● PROBLEM TO SOLVE
All lines from the one with "Reply with compact" through the final line of the records below must be written out exactly, with no other text.

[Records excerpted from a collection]
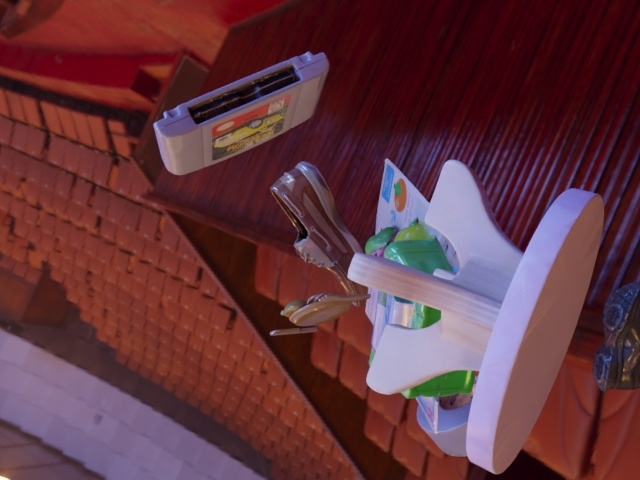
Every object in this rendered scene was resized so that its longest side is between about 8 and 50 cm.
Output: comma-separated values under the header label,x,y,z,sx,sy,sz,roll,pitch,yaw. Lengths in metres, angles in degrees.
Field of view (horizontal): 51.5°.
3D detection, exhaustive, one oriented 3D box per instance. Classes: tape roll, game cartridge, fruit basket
label,x,y,z,sx,sy,sz,roll,pitch,yaw
tape roll,0.295,0.310,1.285,0.072,0.219,0.219,50,170,-12
game cartridge,-0.129,-0.205,1.110,0.060,0.294,0.196,63,167,4
fruit basket,0.132,0.076,1.076,0.166,0.326,0.353,-5,-151,-19

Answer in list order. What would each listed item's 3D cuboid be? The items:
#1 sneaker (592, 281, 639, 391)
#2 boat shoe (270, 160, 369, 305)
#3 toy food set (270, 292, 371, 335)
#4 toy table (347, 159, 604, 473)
label,x,y,z,sx,sy,sz,roll,pitch,yaw
sneaker,0.752,0.234,1.601,0.130,0.286,0.109,6,-159,0
boat shoe,0.000,0.000,1.374,0.324,0.117,0.123,62,166,-4
toy food set,-0.004,0.125,1.252,0.133,0.038,0.192,3,152,-40
toy table,0.152,0.065,0.657,0.161,0.274,0.252,22,174,34
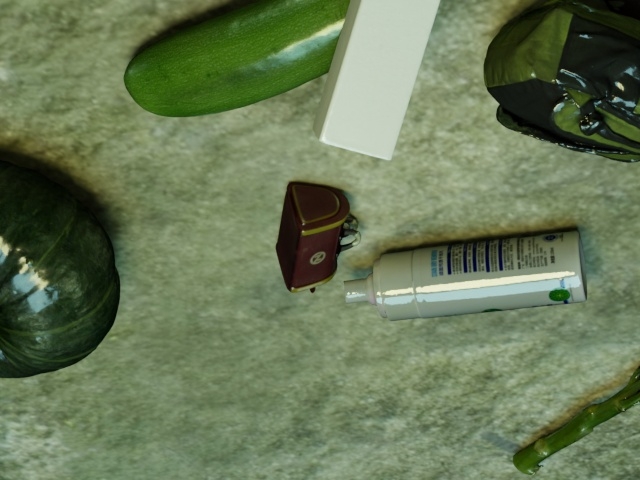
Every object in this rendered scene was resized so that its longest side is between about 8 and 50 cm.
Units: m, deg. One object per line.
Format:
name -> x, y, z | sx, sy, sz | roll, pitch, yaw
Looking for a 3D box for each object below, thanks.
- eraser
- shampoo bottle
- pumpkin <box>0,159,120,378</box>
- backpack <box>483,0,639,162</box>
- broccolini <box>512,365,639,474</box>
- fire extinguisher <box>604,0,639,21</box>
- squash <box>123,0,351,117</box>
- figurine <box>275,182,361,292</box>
eraser -> 0.074, -0.236, 1.590 | 0.078, 0.076, 0.298 | 15, 104, -10
shampoo bottle -> 0.177, 0.049, 1.986 | 0.303, 0.092, 0.092 | -7, 136, 12
pumpkin -> -0.389, 0.031, 1.947 | 0.300, 0.207, 0.300 | 14, 142, 11
backpack -> 0.305, -0.157, 1.675 | 0.253, 0.140, 0.207 | 19, 178, -12
broccolini -> 0.411, 0.236, 2.192 | 0.074, 0.079, 0.392 | 42, 137, -4
fire extinguisher -> 0.313, -0.269, 1.662 | 0.064, 0.043, 0.158 | 10, 148, 42
squash -> -0.048, -0.213, 1.714 | 0.395, 0.107, 0.107 | -18, 133, 23
figurine -> 0.000, 0.001, 1.976 | 0.098, 0.082, 0.154 | -8, 140, -14
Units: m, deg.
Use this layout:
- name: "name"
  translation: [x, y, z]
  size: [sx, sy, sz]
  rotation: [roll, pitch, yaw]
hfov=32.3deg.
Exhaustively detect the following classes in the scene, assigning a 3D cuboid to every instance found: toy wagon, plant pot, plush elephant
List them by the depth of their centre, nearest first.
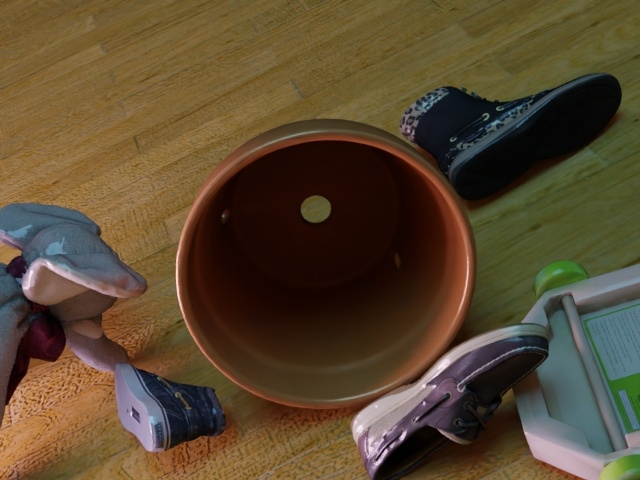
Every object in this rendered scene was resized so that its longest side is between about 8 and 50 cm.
- name: "toy wagon"
  translation: [0.343, 0.098, 0.988]
  size: [0.344, 0.068, 0.267]
  rotation: [-17, 39, 9]
- name: "plant pot"
  translation: [0.000, 0.000, 1.147]
  size: [0.291, 0.291, 0.203]
  rotation: [-22, 21, 4]
- name: "plush elephant"
  translation: [-0.326, 0.083, 1.234]
  size: [0.255, 0.330, 0.272]
  rotation: [-13, 28, -14]

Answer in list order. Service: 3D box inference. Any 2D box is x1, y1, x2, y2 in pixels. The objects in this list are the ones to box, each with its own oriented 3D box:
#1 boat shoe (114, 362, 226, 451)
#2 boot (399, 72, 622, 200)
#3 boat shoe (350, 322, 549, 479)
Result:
- name: "boat shoe"
  translation: [-0.165, 0.176, 1.188]
  size: [0.083, 0.065, 0.183]
  rotation: [-5, 15, -23]
- name: "boot"
  translation: [0.224, -0.156, 1.342]
  size: [0.236, 0.085, 0.178]
  rotation: [-31, 36, -7]
- name: "boat shoe"
  translation: [0.122, 0.153, 1.006]
  size: [0.223, 0.080, 0.073]
  rotation: [-36, 51, 29]
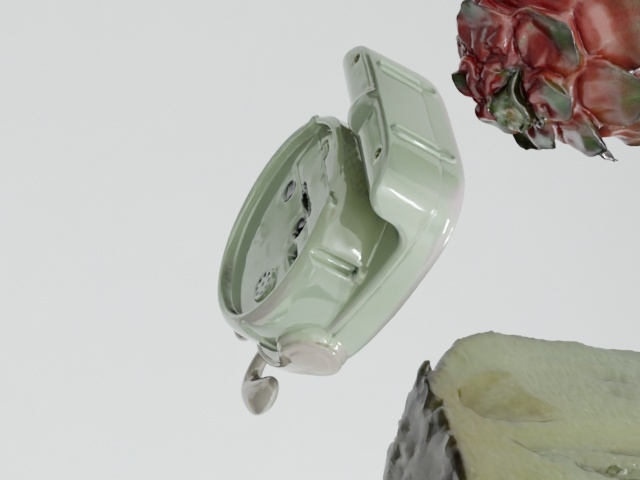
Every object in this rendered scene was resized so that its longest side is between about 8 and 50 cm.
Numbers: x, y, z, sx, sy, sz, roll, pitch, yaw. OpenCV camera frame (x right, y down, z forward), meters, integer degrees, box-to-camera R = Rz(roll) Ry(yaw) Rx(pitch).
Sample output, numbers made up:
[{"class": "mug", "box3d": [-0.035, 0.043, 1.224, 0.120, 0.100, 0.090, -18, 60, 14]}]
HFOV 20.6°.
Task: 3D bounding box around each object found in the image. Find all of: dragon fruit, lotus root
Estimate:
[{"class": "dragon fruit", "box3d": [0.135, -0.098, 0.865, 0.130, 0.142, 0.121, -128, -137, -79]}, {"class": "lotus root", "box3d": [0.154, 0.187, 1.044, 0.267, 0.260, 0.149, 51, -54, 46]}]

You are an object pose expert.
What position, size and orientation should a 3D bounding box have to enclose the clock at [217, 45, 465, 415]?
[{"class": "clock", "box3d": [0.000, 0.000, 0.963, 0.191, 0.062, 0.151, -53, -156, 25]}]
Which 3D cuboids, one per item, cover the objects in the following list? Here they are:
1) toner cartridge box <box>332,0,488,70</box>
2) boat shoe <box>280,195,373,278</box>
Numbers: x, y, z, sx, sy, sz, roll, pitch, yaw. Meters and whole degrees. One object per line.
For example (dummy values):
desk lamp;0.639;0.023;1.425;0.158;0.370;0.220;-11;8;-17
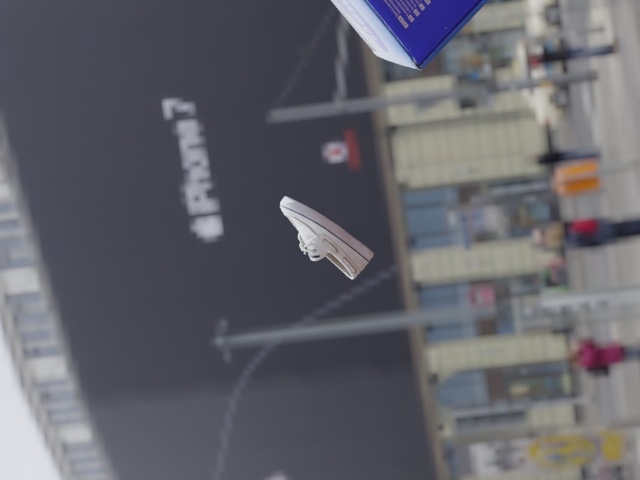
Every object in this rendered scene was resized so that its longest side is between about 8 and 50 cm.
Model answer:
toner cartridge box;0.010;-0.300;1.321;0.348;0.165;0.075;49;171;-28
boat shoe;0.000;0.000;1.581;0.100;0.035;0.035;36;174;-34
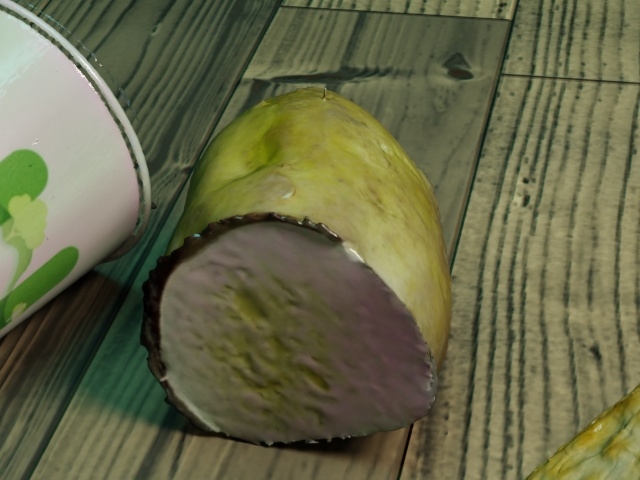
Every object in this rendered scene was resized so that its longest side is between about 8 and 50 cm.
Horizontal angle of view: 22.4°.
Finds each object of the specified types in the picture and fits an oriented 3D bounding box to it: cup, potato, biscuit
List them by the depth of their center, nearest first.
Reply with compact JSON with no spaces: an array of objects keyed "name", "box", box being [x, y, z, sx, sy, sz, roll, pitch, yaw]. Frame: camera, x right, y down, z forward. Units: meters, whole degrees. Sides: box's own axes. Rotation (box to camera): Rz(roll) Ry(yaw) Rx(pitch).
[{"name":"biscuit","box":[0.198,0.133,0.993,0.247,0.029,0.118,-39,19,0]},{"name":"potato","box":[0.000,0.000,1.155,0.229,0.229,0.266,6,38,12]},{"name":"cup","box":[-0.299,-0.015,1.181,0.253,0.253,0.274,19,46,28]}]

● SOLUTION BELOW
Reply with compact JSON with no spaces: an array of objects keyed "name", "box", box being [x, y, z, sx, sy, sz, roll, pitch, yaw]. Frame: camera, x right, y down, z forward. Units: meters, whole degrees. Sides: box's own axes. Rotation (box to camera): Rz(roll) Ry(yaw) Rx(pitch).
[{"name":"biscuit","box":[0.198,0.133,0.993,0.247,0.029,0.118,-39,19,0]},{"name":"potato","box":[0.000,0.000,1.155,0.229,0.229,0.266,6,38,12]},{"name":"cup","box":[-0.299,-0.015,1.181,0.253,0.253,0.274,19,46,28]}]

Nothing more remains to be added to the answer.